• _AVAILABLE DATA_:
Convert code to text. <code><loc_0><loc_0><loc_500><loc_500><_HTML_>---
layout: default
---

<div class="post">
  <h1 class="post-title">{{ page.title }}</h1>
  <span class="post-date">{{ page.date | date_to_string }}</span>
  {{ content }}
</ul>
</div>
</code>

--

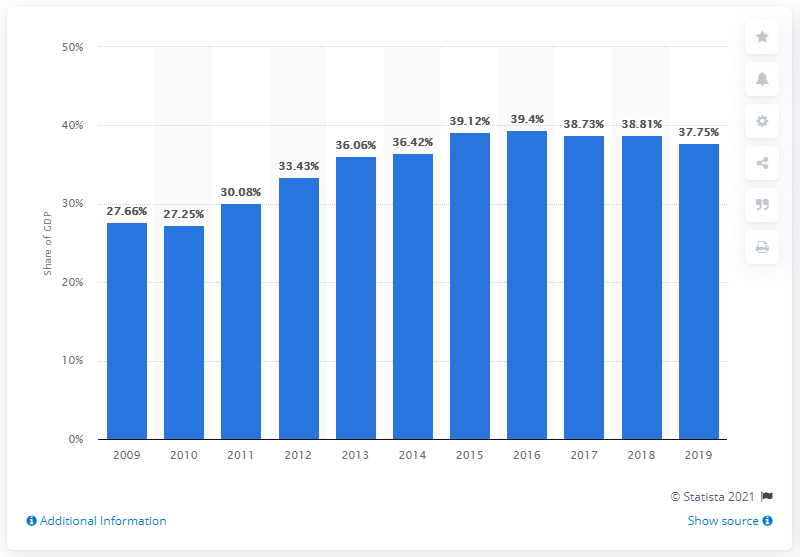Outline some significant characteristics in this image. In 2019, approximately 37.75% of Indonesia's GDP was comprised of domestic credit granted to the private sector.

• _ACTION ITEM_:
Count lines above containing "class" and report only the total.

• _RESPONSE TO THIS TASK_:
3